Of course, the show would come back for an eighth season. There would be lots of traditional monster of the week stories after Brand X. David Duchovny would enjoy another story and directorial credit after Hollywood A.D. Chris Carter would get to write non-mythology episodes after Fight Club, and even get to direct a much more successful whimsical adventure. Mulder and Scully would get to hang out together in the late eighth season and even at the very end of the ninth. In a very real way, this is not the end.
However, in an equally real way, this is the end. It has become hyperbole to suggest that something “… will never be the same again.” Even The X-Files has reinvented itself at least twice by this point, at the start of the third and sixth seasons. However, it is also perfectly reasonable to argue that The X-Files actually will never be the same again. The show changes on a very fundamental level after this point, with Je Souhaite serving as the very last glimpse of the show as it was. In many ways, this is the end of the road.

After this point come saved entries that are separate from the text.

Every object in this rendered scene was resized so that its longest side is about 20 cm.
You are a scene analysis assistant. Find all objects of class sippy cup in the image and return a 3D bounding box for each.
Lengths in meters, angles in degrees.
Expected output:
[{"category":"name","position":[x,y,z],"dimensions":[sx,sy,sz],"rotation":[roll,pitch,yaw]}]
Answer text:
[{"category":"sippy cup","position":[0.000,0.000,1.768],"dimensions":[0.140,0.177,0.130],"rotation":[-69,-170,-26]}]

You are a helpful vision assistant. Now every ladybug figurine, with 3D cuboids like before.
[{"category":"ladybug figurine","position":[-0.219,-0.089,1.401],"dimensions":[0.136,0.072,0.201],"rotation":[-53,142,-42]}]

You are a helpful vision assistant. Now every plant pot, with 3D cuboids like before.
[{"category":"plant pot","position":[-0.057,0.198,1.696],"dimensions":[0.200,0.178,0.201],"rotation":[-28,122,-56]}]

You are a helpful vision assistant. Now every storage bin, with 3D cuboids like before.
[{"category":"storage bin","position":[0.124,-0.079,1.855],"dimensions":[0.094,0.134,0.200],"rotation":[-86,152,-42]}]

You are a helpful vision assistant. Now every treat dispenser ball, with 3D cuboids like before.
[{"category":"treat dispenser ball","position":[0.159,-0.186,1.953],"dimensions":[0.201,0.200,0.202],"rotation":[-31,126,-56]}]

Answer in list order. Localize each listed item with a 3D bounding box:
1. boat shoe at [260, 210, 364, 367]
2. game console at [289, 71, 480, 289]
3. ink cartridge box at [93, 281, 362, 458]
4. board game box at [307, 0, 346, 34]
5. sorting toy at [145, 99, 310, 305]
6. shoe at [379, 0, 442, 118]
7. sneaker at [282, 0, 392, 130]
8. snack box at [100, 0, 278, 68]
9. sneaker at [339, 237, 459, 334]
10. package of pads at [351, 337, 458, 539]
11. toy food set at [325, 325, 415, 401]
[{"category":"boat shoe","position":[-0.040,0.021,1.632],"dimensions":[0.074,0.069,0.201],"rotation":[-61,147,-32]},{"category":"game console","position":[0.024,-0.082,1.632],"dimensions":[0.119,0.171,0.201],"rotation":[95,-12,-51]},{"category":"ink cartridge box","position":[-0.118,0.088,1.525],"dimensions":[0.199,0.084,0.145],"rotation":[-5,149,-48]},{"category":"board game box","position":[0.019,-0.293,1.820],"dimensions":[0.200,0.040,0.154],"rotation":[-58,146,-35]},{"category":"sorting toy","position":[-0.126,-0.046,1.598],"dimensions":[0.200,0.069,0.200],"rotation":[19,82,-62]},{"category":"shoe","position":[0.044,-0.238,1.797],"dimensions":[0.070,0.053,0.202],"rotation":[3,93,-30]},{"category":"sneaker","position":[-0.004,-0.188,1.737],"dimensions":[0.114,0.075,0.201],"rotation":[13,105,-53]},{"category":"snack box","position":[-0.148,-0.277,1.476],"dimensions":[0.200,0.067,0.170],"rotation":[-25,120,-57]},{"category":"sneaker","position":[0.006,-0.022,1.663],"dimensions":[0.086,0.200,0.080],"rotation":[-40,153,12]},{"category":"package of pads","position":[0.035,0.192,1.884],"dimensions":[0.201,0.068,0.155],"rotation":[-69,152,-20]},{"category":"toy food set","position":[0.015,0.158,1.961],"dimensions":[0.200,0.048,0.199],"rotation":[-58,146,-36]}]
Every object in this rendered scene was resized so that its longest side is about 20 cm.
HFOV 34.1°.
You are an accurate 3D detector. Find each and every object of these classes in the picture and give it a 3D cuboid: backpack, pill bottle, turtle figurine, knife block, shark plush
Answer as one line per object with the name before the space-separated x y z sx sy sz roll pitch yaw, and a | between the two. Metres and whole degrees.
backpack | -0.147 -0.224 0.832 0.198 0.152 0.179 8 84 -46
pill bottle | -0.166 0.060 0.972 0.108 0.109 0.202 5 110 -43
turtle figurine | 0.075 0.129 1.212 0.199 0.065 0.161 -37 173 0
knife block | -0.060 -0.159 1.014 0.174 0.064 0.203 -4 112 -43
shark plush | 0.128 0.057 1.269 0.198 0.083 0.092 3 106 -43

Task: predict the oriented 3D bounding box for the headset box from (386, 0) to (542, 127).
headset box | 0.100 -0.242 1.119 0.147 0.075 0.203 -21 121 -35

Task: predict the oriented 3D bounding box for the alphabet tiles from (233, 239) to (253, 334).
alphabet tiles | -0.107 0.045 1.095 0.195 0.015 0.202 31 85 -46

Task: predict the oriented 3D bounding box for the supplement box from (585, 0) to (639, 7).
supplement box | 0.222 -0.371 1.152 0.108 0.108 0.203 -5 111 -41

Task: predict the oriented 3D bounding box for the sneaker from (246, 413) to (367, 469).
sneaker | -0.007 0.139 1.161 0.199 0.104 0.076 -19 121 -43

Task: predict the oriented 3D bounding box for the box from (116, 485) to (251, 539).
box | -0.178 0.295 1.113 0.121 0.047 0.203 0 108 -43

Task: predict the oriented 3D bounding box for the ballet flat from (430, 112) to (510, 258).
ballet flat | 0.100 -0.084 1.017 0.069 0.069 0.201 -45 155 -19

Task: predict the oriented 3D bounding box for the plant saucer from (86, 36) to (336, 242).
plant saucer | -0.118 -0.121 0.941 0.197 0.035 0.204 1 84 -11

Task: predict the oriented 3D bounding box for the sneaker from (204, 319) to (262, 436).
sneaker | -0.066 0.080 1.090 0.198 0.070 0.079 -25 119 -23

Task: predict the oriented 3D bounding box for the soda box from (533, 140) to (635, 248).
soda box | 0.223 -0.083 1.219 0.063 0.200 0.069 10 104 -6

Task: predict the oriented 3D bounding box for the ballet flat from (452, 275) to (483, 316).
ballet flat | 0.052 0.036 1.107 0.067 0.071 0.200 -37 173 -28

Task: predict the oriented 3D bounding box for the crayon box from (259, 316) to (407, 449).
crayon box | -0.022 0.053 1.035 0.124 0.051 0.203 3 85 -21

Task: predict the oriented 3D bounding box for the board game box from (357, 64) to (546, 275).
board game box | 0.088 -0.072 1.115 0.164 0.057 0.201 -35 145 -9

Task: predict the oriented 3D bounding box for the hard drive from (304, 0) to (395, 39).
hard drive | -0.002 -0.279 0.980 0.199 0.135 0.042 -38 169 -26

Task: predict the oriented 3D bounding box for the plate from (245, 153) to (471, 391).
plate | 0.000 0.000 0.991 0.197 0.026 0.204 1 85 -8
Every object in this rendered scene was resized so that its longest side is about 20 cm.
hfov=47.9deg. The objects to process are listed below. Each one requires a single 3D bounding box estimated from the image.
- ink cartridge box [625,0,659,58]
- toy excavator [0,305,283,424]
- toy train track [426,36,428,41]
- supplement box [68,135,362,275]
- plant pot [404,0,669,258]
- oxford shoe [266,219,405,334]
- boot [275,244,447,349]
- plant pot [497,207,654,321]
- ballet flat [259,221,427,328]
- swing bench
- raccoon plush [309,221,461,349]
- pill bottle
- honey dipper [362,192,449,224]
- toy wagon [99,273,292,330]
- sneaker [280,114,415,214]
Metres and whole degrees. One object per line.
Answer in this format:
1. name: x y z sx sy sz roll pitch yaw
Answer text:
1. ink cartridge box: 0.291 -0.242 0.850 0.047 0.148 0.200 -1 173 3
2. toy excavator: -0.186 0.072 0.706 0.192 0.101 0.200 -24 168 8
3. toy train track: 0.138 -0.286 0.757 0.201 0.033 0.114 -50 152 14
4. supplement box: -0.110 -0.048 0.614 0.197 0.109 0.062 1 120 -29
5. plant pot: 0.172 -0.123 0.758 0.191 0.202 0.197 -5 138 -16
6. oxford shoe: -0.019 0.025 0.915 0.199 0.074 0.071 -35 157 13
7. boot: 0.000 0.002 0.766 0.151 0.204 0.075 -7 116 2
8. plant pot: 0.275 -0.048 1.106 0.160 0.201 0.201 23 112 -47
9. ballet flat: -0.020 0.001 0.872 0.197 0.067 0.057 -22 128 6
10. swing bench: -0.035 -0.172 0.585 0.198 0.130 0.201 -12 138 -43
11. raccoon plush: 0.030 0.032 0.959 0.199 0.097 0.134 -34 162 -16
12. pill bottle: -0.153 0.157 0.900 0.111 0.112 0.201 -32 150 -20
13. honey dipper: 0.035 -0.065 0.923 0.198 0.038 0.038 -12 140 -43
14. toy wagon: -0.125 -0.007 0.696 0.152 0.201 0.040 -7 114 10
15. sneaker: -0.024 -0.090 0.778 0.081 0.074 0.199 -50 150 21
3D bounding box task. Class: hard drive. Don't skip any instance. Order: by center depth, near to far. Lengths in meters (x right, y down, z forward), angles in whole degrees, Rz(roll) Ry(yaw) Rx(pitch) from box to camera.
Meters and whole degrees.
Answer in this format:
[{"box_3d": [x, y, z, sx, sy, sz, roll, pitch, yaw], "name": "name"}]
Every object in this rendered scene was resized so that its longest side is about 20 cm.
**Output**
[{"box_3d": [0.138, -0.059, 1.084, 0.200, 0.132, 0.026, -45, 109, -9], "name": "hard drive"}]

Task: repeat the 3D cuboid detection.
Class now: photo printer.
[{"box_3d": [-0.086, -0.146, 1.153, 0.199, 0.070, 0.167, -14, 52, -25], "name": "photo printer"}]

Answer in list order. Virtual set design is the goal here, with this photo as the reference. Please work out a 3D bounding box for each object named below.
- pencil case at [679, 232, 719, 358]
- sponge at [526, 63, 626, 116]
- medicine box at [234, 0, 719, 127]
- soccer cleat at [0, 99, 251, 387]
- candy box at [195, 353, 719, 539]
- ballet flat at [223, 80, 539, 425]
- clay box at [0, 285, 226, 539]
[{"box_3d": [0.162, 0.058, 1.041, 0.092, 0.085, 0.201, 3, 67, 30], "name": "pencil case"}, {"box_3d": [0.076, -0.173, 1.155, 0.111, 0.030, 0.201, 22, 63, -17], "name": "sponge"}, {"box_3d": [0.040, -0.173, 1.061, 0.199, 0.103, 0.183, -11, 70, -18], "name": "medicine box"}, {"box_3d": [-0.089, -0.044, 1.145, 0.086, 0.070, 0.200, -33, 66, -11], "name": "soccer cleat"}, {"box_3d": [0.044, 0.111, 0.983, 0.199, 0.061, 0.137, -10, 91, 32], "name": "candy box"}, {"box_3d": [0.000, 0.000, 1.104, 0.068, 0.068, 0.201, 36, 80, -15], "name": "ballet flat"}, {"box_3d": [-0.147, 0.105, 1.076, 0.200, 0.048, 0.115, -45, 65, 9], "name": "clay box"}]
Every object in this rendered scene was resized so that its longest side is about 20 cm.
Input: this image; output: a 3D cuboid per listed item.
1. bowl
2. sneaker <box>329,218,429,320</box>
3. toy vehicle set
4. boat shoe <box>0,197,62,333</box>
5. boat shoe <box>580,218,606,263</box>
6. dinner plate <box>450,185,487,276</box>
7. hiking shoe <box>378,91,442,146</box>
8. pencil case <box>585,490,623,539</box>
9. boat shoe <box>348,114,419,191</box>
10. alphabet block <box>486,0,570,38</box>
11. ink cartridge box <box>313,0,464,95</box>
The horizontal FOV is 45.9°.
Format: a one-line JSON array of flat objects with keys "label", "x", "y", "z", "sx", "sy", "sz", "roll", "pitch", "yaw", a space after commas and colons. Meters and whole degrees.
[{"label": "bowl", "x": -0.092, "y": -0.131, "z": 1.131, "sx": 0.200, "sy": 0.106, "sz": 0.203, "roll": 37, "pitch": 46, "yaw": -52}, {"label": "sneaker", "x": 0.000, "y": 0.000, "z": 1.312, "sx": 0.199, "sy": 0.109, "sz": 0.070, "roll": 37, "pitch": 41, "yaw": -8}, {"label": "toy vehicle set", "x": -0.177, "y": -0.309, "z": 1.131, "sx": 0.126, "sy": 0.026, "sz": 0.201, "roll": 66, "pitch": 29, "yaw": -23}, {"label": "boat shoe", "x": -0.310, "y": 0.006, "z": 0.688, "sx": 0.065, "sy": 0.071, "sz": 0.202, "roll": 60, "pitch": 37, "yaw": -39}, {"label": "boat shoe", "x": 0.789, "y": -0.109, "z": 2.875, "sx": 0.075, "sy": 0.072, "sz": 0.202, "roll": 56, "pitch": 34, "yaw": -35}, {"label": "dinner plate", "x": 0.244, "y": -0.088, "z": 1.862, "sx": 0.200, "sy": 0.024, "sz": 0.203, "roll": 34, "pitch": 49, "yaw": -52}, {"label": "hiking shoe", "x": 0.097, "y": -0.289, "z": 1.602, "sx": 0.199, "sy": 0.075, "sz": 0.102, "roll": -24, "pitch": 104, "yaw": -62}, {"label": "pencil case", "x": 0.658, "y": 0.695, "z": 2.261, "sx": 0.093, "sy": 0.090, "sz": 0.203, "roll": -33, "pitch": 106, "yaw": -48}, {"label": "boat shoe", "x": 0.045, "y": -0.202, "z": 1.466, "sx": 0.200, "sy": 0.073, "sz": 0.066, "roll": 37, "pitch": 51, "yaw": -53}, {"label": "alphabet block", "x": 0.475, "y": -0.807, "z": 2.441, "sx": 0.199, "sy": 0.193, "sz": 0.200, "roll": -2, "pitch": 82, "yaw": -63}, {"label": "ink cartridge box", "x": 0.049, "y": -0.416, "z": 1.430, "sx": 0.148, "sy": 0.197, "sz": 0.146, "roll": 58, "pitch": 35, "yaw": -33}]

“So… meet up in about fifteen years?”
Gilligan would get to write and direct another episode of The X-Files before the show finally came to an end. In fact, there are a few thematic similarities between Je Souhaite and Sunshine Days, with both stories serving as affectionate and romantic finalés to Vince Gilligan’s version of The X-Files. There are still two full seasons ahead. Indeed, it is interesting to wonder what it would be like had Je Souhaite come earlier in the season, or even during the sixth season; it would be a light and fun episode, but would have the same heft and weight?
However, there is something different about Je Souhaite. In hindsight, it feels like a snapshot of an extended (seven-year-long) moment coming to end; it is a picture in an photo album that captures Mulder and Scully right on the edge of a transition. It is innocuous, yet profound. It is a picture of college friends sharing a drink at the end of the last term, unaware (or silently aware) of how things will change in the coming months. It is a picture of friends just hanging out before one gets married or has children.

“I am outta here!”
Of course, Mulder and Scully see each other after this point; there is the second half of season eight and the revival hanging in the future. (To say nothing of The X-Files: I Want to Believe or the comics.) College buddies still hang out. People with families maintain friendships. Still, those dynamics change. They are never quite the same. Not better, not worse. Just different. As weird as it is to describe an episode where Mulder encounters a genie as “the point before things got weird”, that’s exactly what Je Souhaite feels like.
What is most striking about Je Souhaite is how much the episode accepts that reality. It is not morose or melancholy; it is practically celebratory. Instead of eulogising the good times, it decides to have a good time. There is something very sweet about that.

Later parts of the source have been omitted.